Мой друг Макето, который тогда учился в Академии художеств, приехал как-то в свое село. Родители как раз только что побелили комнаты.
– На этой стене я нарисую тебе большую картину, – сказал Макето сестре, хотел обрадовать ее.
– Какую картину?
– Я нарисую тебе голубое небо, под ним зеленые холмы, а на переднем плане широкое поле колосящейся пшеницы.
– Поле? – нахмурилась сестра. – Да я целый день гну спину в поле, а ты хочешь, чтобы я, вернувшись домой, снова на него смотрела?
Вот и я, как сестра Макето, мечтал о чем-то таком, что отличалось бы от каждодневного, потому что в жизни нашей тогда было много неприглядного, много грязи. Грязь была на улице и в быту. Осенние рассветы с туманами, толпы спешащих на работу мрачных людей, мальчишки, продающие газеты и выкрикивающие тревожные новости; закопченные фасады домов, окна, завешенные черной бумагой, с наклеенными на стекла белыми полосами на случай бомбардировки; толкучка, гам и моросящий холодный дождь на базаре, где можно было купить только желтые тыквы да всю в грязи свеклу; провонявшие горелым жиром трактиры, и бедняки, заливающие горе дешевым вином; растрепанные старые проститутки на улице Сердика, высматривающие свои жертвы из темных подъездов, где пахнет грязным бельем; длинные вереницы легковых автомобилей серого цвета, набитых немецкими солдатами, отправляющимися в неизвестном направлении; уличные перекрестки, куда мы стекались на демонстрации и обнаруживали, что полиция уже окружила их; тесные мансарды, где мы курили и спорили до хрипоты, – все это я знал слишком хорошо, чтобы увидеть в этом увлекательный сюжет, а не обычные будничные картины.
И вот однажды капризная судьба, которая обычно довольно грубо обходится с дебютантами, неожиданно смилостивилась надо мной и подарила мне экзотическую тему, совсем готовую.

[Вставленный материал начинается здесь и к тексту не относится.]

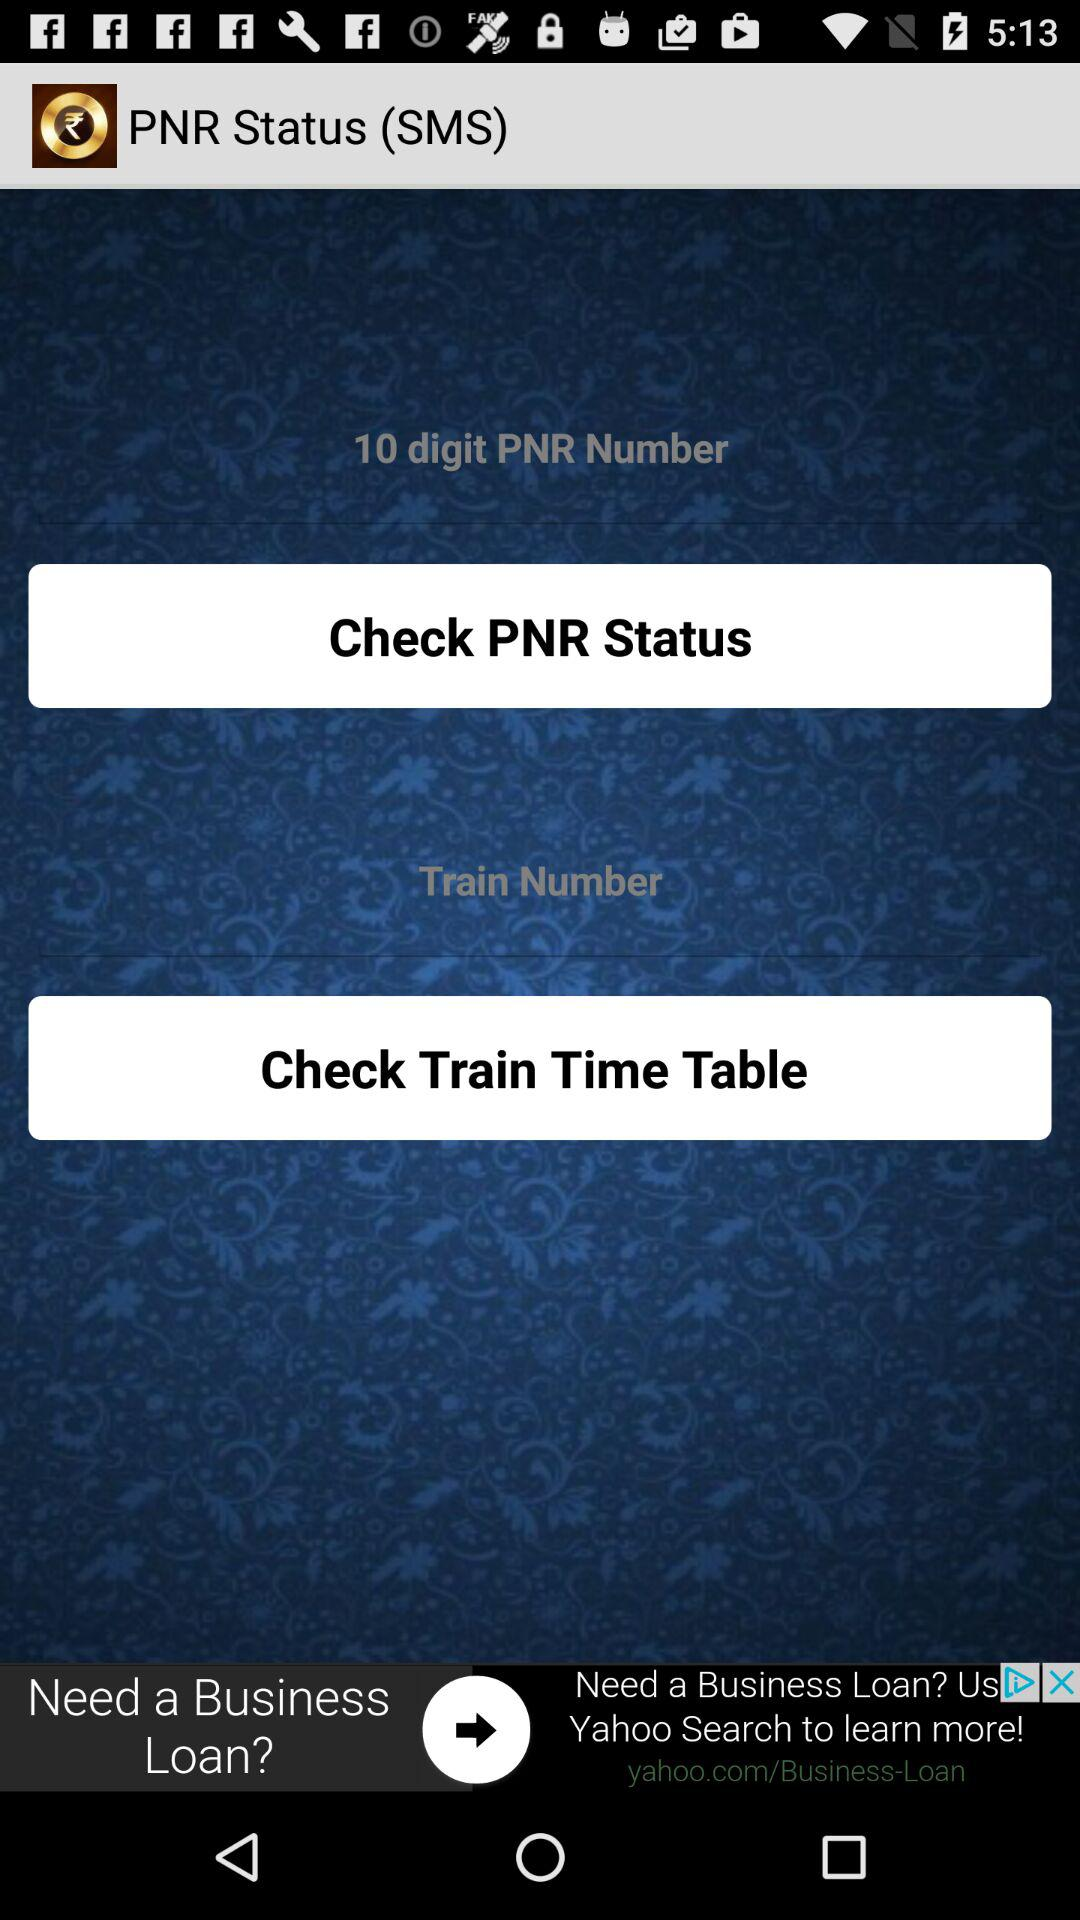How many digits are there in the PNR number? There are 10 digits in the PNR number. 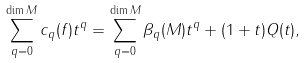<formula> <loc_0><loc_0><loc_500><loc_500>\sum _ { q = 0 } ^ { \dim M } c _ { q } ( f ) t ^ { q } = \sum _ { q = 0 } ^ { \dim M } \beta _ { q } ( M ) t ^ { q } + ( 1 + t ) Q ( t ) ,</formula> 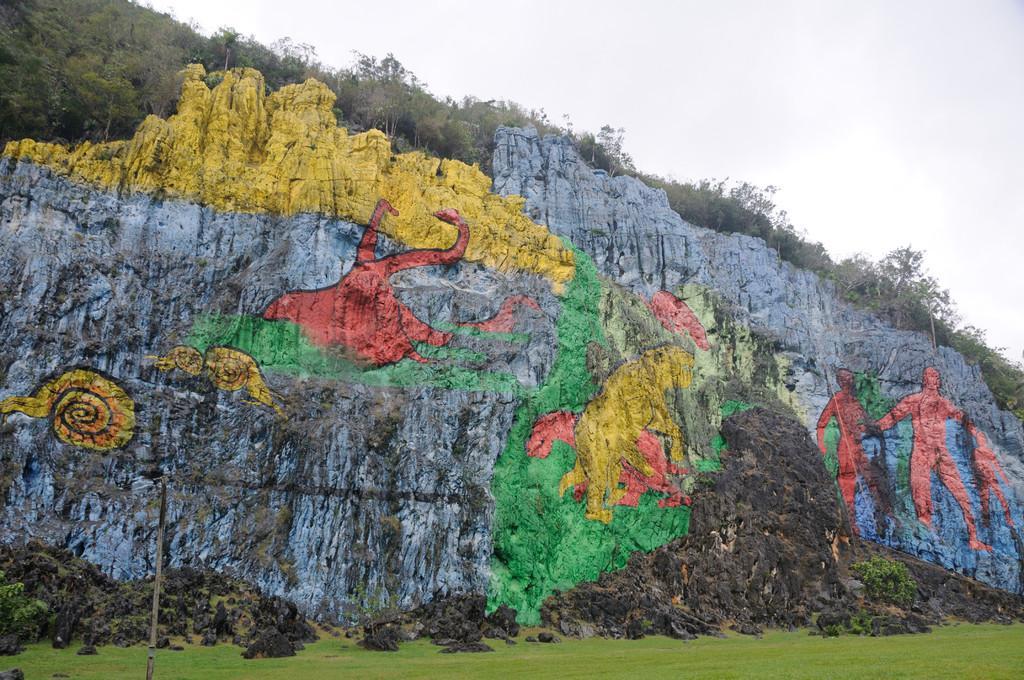Can you describe this image briefly? In the center of the image we can see a mountain with painting on it. There are trees. At the bottom of the image there is grass. At the top of the image there is sky.

Действительно готовую – только садись и пиши!
Я ездил в Пловдив – мне нужны были книги из городской библиотеки, т. к. я сам писал большую книгу о современном искусстве. Ни больше, ни меньше как «Историю искусства XX века». Я молодой, но многообещающий автор, только что окончивший гимназию, работал в кабинете Вичо Иванова. Однажды утром, войдя туда, я застал его беседующим с каким-то не первой молодости человеком, худым и настолько загорелым, что он походил на индейца.